Here are ways to prepare for your appointment.

What you can do

Make a list of:

  • Your symptoms, including any that may not seem linked to varicose veins, and when they began.
  • Important personal information, including a family history of varicose veins or spider veins.
  • All medicines, vitamins or supplements you take, including doses.
  • Questions to ask your healthcare professional.

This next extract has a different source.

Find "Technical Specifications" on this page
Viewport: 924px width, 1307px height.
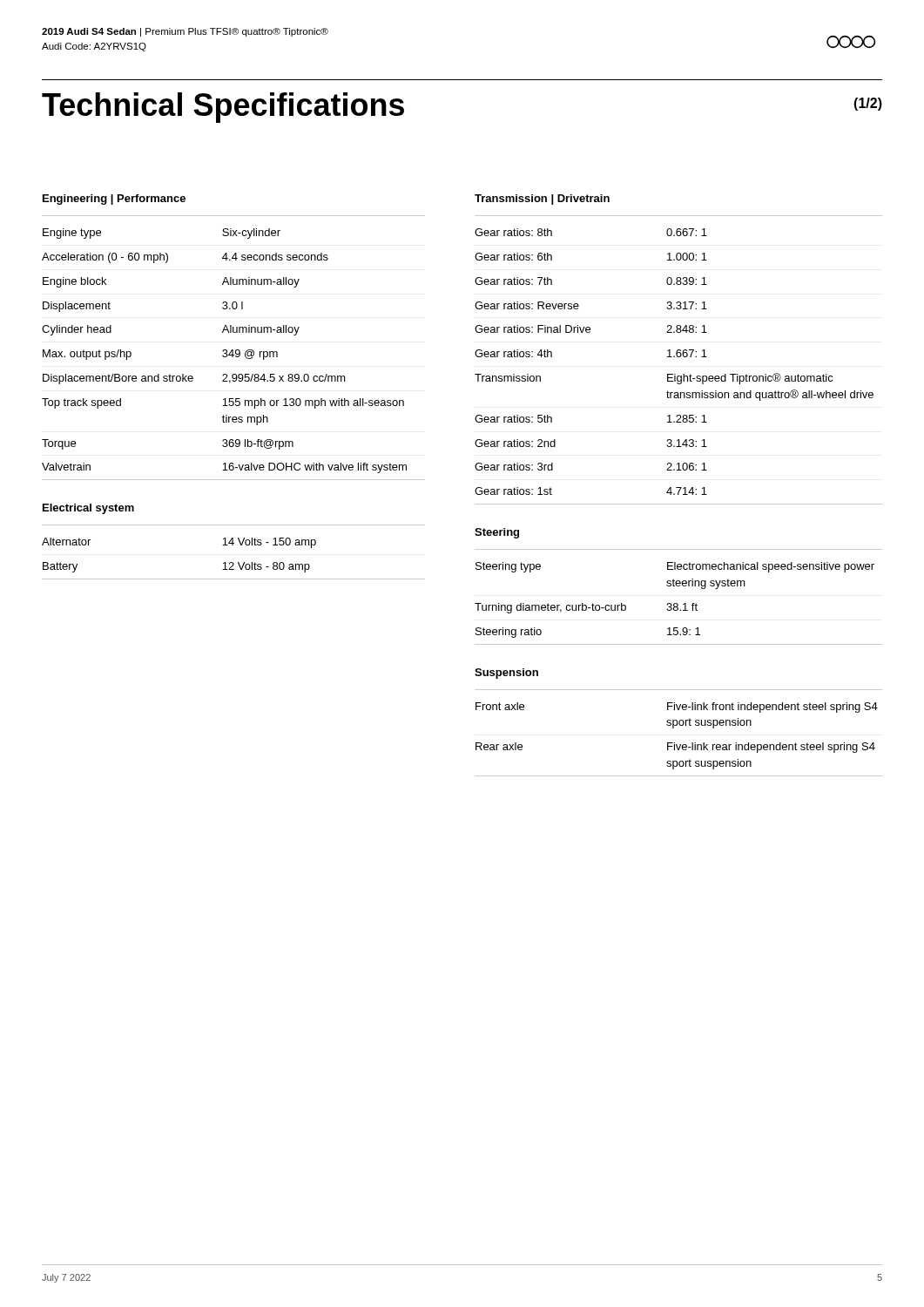coord(224,105)

Some basic questions to ask include:

  • What's the most likely cause of my symptoms?
  • What else could cause my varicose veins?
  • What tests will I need?
  • What treatment do you suggest?
  • How can I best manage varicose veins along with other health conditions I have?
  • Do I need to restrict any activities?
  • Are there any brochures or other printed materials I can have? What websites do you suggest?

What to expect from your doctor

Your health professional is likely to ask you questions, including:

  • When did you notice the varicose veins?
  • Do you have pain? If so, how bad is it?
  • What, if anything, seems to make your symptoms better?
  • Does anything seem to make your symptoms worse?

What you can do in the meantime

Before your appointment, you can begin self-care.

  • Try not to stand or sit in one position for a long time.
  • Raise your legs when you're seated.
  • Don't wear shoes that don't fit well or tight socks or stockings, other than compression stockings.